AI, STATISTICS & DATA SCIENCE

“This image shows a young black man wearing a black coat staring past the camera in front of a blue cloudy sky. The scene is refracted in different ways by a fragmented glass grid....A neural network diagram is overlaid, familiarising the viewer with the formal architecture of AI systems.” Image credit and alt text description: Alan Warburton/Better Images of AI URL: https://betterimagesofai.org/images?idImage=0
Image credit: Alan Warburton/Better Images of AI
  • “The Biden-Harris administration has issued an executive order on artificial intelligence. It is about 20,000 words long and tries to address the entire range of AI benefits and risks. It is likely to shape every aspect of the future of AI, including openness: Will it remain possible to publicly release model weights while complying with the EO’s requirements? How will the EO affect the concentration of power and resources in AI? What about the culture of open research?” Following news of the Biden Administration’s Executive Order on artificial intelligence, Arvind Narayanan, Sayash Kapoor, and Rishi Bommasani weigh in on the implications at AI Snake Oil.

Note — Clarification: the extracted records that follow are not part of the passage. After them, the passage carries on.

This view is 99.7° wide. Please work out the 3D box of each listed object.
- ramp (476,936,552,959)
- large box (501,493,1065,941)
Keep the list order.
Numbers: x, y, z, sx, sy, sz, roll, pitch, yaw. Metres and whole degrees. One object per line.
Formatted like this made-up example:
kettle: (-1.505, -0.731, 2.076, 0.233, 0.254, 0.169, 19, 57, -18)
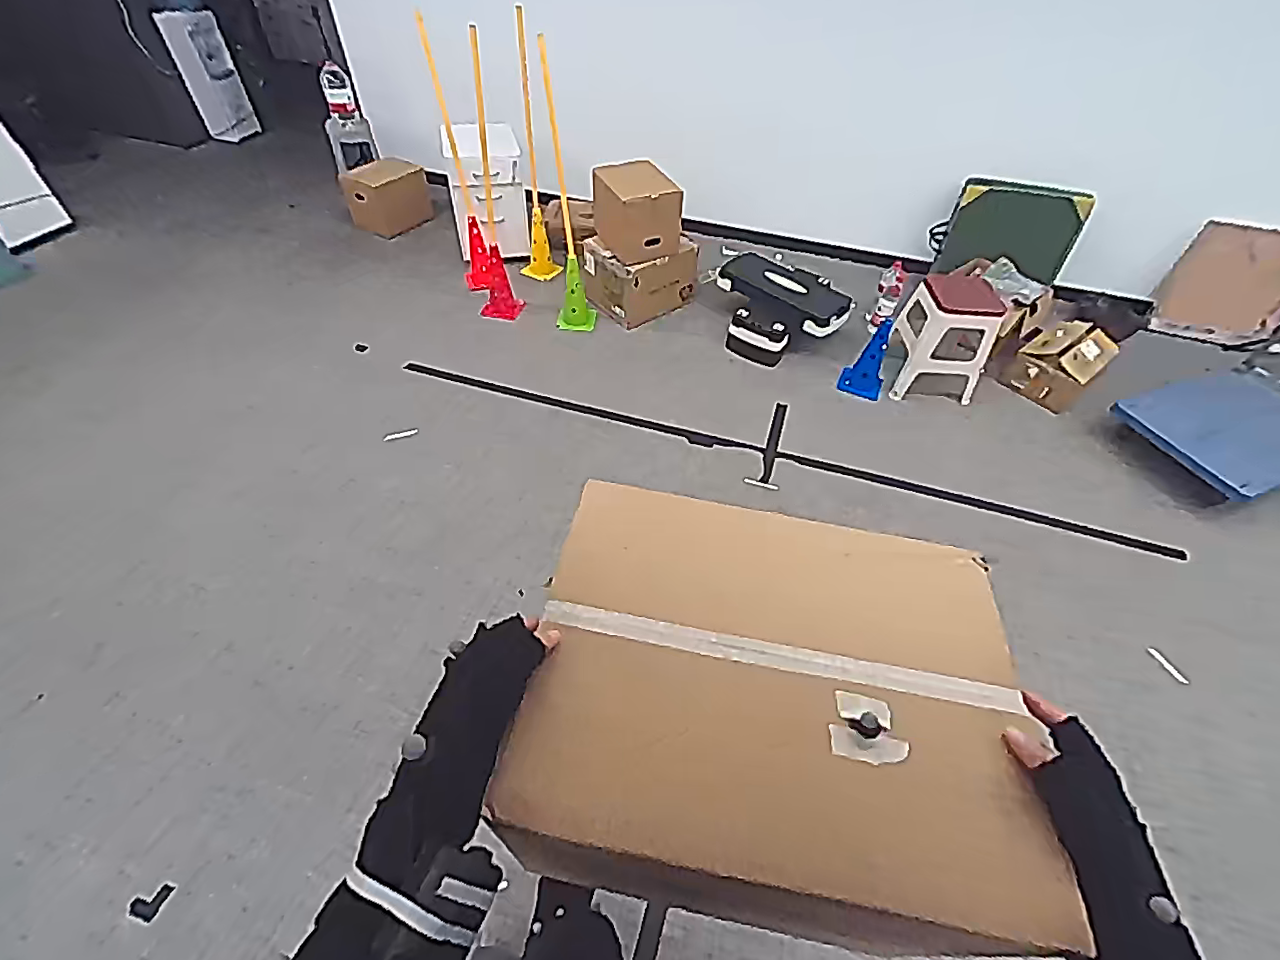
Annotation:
ramp: (-0.235, 1.409, 0.840, 0.509, 0.206, 0.991, 14, 50, 8)
large box: (0.104, 0.254, 0.581, 0.408, 0.320, 0.320, 11, 49, 3)

  • “We found that the need for dataset diversity was well described in literature, and experts generally favored the development of a robust set of guidelines, but there were mixed views about how these could be implemented practically. The outputs of this study will be used to inform the development of standards for transparency of data diversity in health datasets (the STANDING Together initiative).” A review article published in Nature Medicine by Arora and colleagues examines the potential benefits of standards for health datasets used to train AI and machine learning applications for healthcare.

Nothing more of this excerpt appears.